This seemed to clear up many things for Sarka, though it piled higher upon his shoulders the weight of his responsibilities. The other-worldliness of Lunar, called now Luar, explained her mastery of the Gnomes, and through them the cubes, and her knowledge of the omnipotent qualities of the white flames of the Moon's core, which might have been, it came to Sarka in a flash, the source of all life on the Moon in the beginning!
"But father," went on Sarka, "I don't see any sense in this aerial bombardment by Mars!"
"I believe," said Sarka the Second sadly, "that before another ten hours pass we shall know the worst there is to be known: but now, son, instead of going into attack against the Moon, we
go into battle against the combined forces of Mars and of the Moon!"
* * * * *
Sarka now took command of the forces of the Earth.
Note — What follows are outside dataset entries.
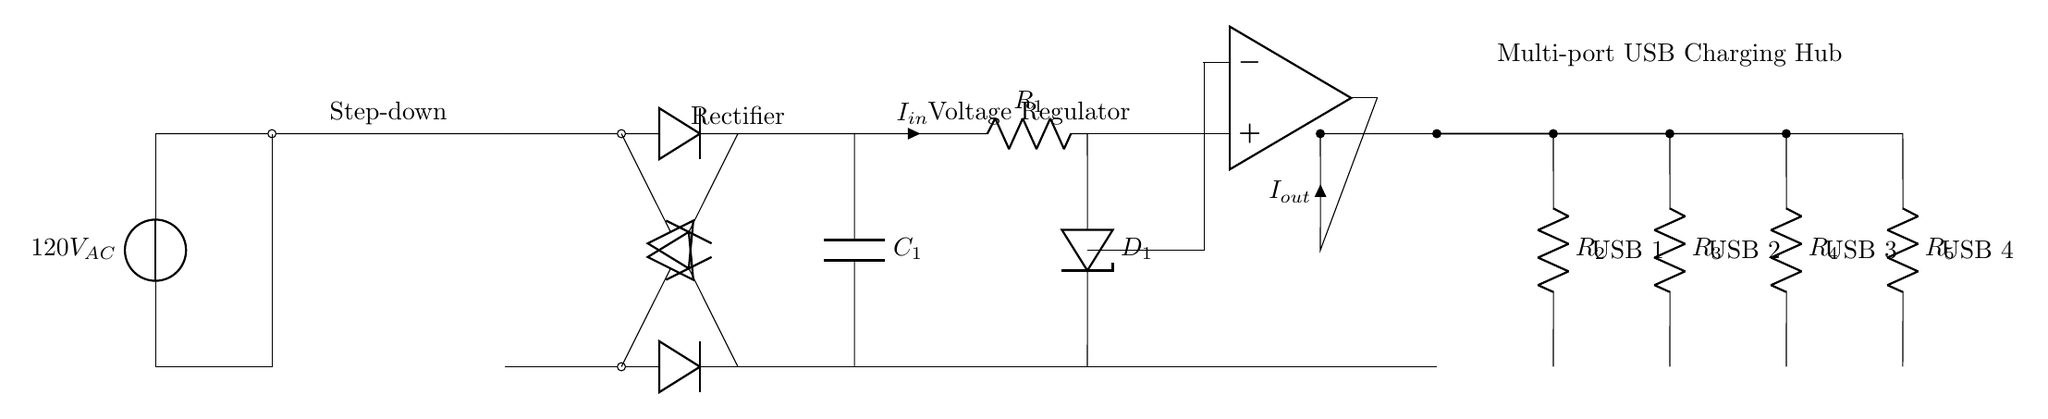What is the input voltage for this circuit? The input voltage is indicated as 120V AC, which is shown at the beginning of the circuit where the voltage source is placed.
Answer: 120V AC What type of component is used to convert AC to DC? The circuit utilizes a diode for this purpose, indicated by the placement of diodes in the rectifier section where the AC is converted to DC.
Answer: Diode How many USB ports are present in this circuit? There are four separate paths leading to USB ports, each with its own resistor indicating four distinct USB output connections.
Answer: 4 What is the function of the transformer in this circuit? The transformer is used to step down the voltage from 120V AC to a lower AC voltage, which is essential for safe charging of devices.
Answer: Step down What is the role of the voltage regulator in the circuit? The voltage regulator stabilizes and regulates the output voltage to ensure that it remains at a safe and consistent level for charging the batteries.
Answer: Stabilizes voltage How are the USB ports connected to the main circuit? The USB ports are connected in parallel to the output of the voltage regulator, ensuring that each port can draw current independently from the power source.
Answer: In parallel What type of circuit is depicted here? This circuit is a charging circuit designed specifically for charging multiple devices simultaneously, indicated by the multi-port USB charging hub label.
Answer: Charging circuit 
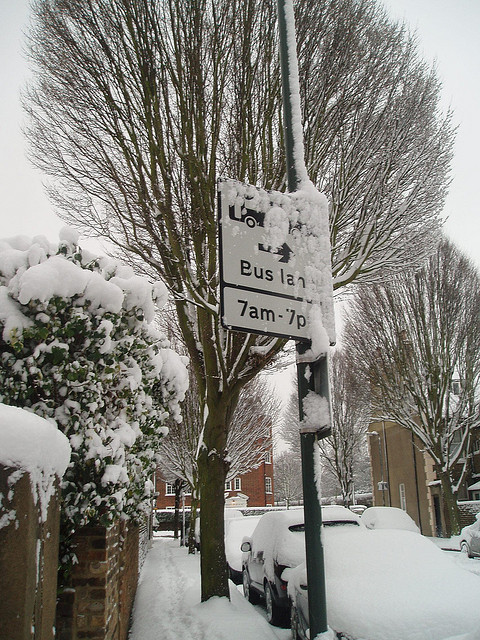Please transcribe the text in this image. Bus 7am 7p Ian 
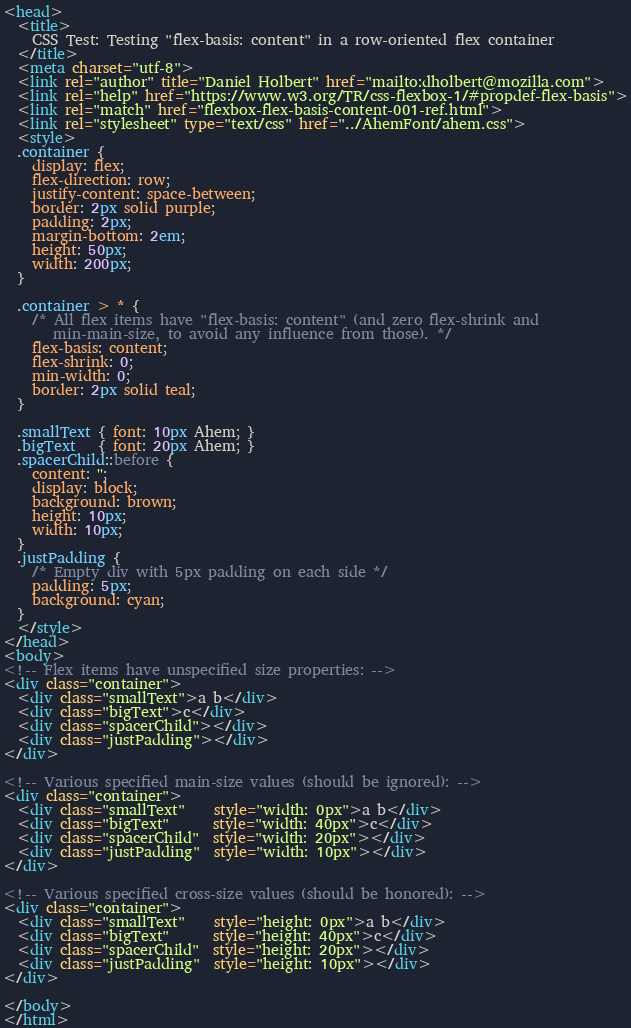Convert code to text. <code><loc_0><loc_0><loc_500><loc_500><_HTML_><head>
  <title>
    CSS Test: Testing "flex-basis: content" in a row-oriented flex container
  </title>
  <meta charset="utf-8">
  <link rel="author" title="Daniel Holbert" href="mailto:dholbert@mozilla.com">
  <link rel="help" href="https://www.w3.org/TR/css-flexbox-1/#propdef-flex-basis">
  <link rel="match" href="flexbox-flex-basis-content-001-ref.html">
  <link rel="stylesheet" type="text/css" href="../AhemFont/ahem.css">
  <style>
  .container {
    display: flex;
    flex-direction: row;
    justify-content: space-between;
    border: 2px solid purple;
    padding: 2px;
    margin-bottom: 2em;
    height: 50px;
    width: 200px;
  }

  .container > * {
    /* All flex items have "flex-basis: content" (and zero flex-shrink and
       min-main-size, to avoid any influence from those). */
    flex-basis: content;
    flex-shrink: 0;
    min-width: 0;
    border: 2px solid teal;
  }

  .smallText { font: 10px Ahem; }
  .bigText   { font: 20px Ahem; }
  .spacerChild::before {
    content: '';
    display: block;
    background: brown;
    height: 10px;
    width: 10px;
  }
  .justPadding {
    /* Empty div with 5px padding on each side */
    padding: 5px;
    background: cyan;
  }
  </style>
</head>
<body>
<!-- Flex items have unspecified size properties: -->
<div class="container">
  <div class="smallText">a b</div>
  <div class="bigText">c</div>
  <div class="spacerChild"></div>
  <div class="justPadding"></div>
</div>

<!-- Various specified main-size values (should be ignored): -->
<div class="container">
  <div class="smallText"    style="width: 0px">a b</div>
  <div class="bigText"      style="width: 40px">c</div>
  <div class="spacerChild"  style="width: 20px"></div>
  <div class="justPadding"  style="width: 10px"></div>
</div>

<!-- Various specified cross-size values (should be honored): -->
<div class="container">
  <div class="smallText"    style="height: 0px">a b</div>
  <div class="bigText"      style="height: 40px">c</div>
  <div class="spacerChild"  style="height: 20px"></div>
  <div class="justPadding"  style="height: 10px"></div>
</div>

</body>
</html>
</code> 
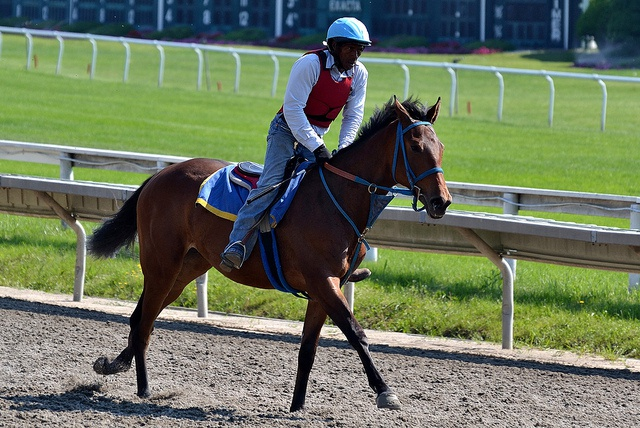Describe the objects in this image and their specific colors. I can see horse in navy, black, gray, and darkgray tones and people in navy, black, and gray tones in this image. 
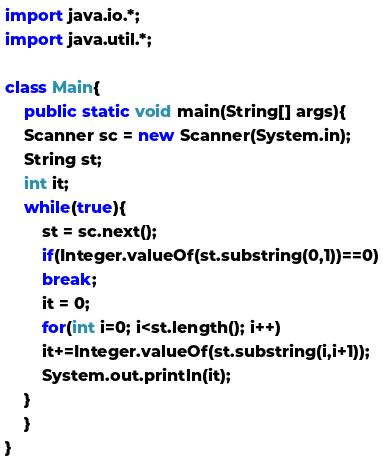<code> <loc_0><loc_0><loc_500><loc_500><_Java_>import java.io.*;
import java.util.*;

class Main{
    public static void main(String[] args){
	Scanner sc = new Scanner(System.in);
	String st;
	int it;
	while(true){
	    st = sc.next();
	    if(Integer.valueOf(st.substring(0,1))==0)
		break;
	    it = 0;
	    for(int i=0; i<st.length(); i++)
		it+=Integer.valueOf(st.substring(i,i+1));
	    System.out.println(it);
	}
    }
}</code>

Swiftly he turned to the people of the Gens of Dalis who had come back with him.
"You will be divided into eleven equal groups, as nearly as possible. Father, will you please arrange the division? Each group will be attached to the staff of one of the Spokesman of the Gens, so that each Spokesman will have the benefit of your knowledge with reference to conditions on the Moon. Each group will re-enter its particular aircar, retaining control of the cube in each case, of course, and will at once repair to his proper station. Telepathy is the mode of communication with the cubes, and you rule them by your will. Each group, when assembled by my father, will choose a leader before quitting this laboratory, and such leader will remain in command of his group, under the overlordship of the Spokesman to whom he reports with his group. You understand!
"Your loyalty is unquestioned. You will consecrate your lives to the welfare of the Gens to which you are going, since you no longer have a Gens of your own!"
Sarka turned to the cubes, which had formed in a line just inside the Exit Dome, and issued a mental command to the cube that had piloted his aircar from the Moon. The cube faded out instantly, appearing immediately afterward on the table of the vari-colored lights.
"Father," said Sarka, "while I am issuing orders to the Spokesmen, please see if you can discover the secret of these cubes: how they are actuated, the real extent of their intelligence! The rest of you, with your cubes, depart immediately and report to your new Gens!"
* * * * *
Within ten minutes the divisions had been made, and the Radiant People had entered the aircars and, outside the laboratory, risen free of the Earth, and turned, each in its proper direction, for the Gens of its assignment. The Sarkas and Jaska watched them go.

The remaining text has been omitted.